Working of LLC Taxes

For the purposes of federal income tax, LLCs are treated as pass-through entities, which means that LLCs themselves do not pay taxes on their business income. It is rather its members who pay the taxes on their share of LLC’s profits.

In addition to these federal taxes, as applicable as per the tax bracket that you are a part of, state or local governments might also impose additional LLC taxes. The LLCs’ members can, however, choose to get taxed as a corporation instead of a passed-through entity.

Combining all the LLC taxes that are levied by the federal, state, and local governments, there are several types of LLC taxes. It is the members of the LLC who are responsible for paying income tax on any income earned from the LLC in addition to their self-employment taxes.

Further on, you would also be required to pay payroll taxes and sales taxes, depending upon what you are selling and whether you have any employees or not. In fact, further complexity can be added to the fold because the LLC can decide to be taxed as a different type of business entity.

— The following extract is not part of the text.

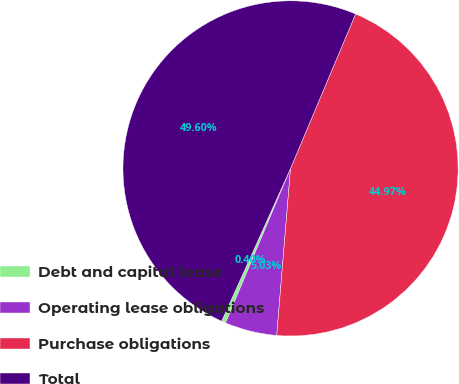<chart> <loc_0><loc_0><loc_500><loc_500><pie_chart><fcel>Debt and capital lease<fcel>Operating lease obligations<fcel>Purchase obligations<fcel>Total<nl><fcel>0.4%<fcel>5.03%<fcel>44.97%<fcel>49.6%<nl></chart>

How Do LLCs Pay Income Taxes?

As an owner of an LLC, you would be responsible for the payment of a wide range of business taxes. The biggest burden in your LLC taxes would be due to the federal, state, and local income taxes.

However, how you file and pay your income taxes is dependent on whether you are the sole owner of the LLC or whether your LLC has multiple owners. Other than this, the type of business entity chosen by you would also play a determining role here.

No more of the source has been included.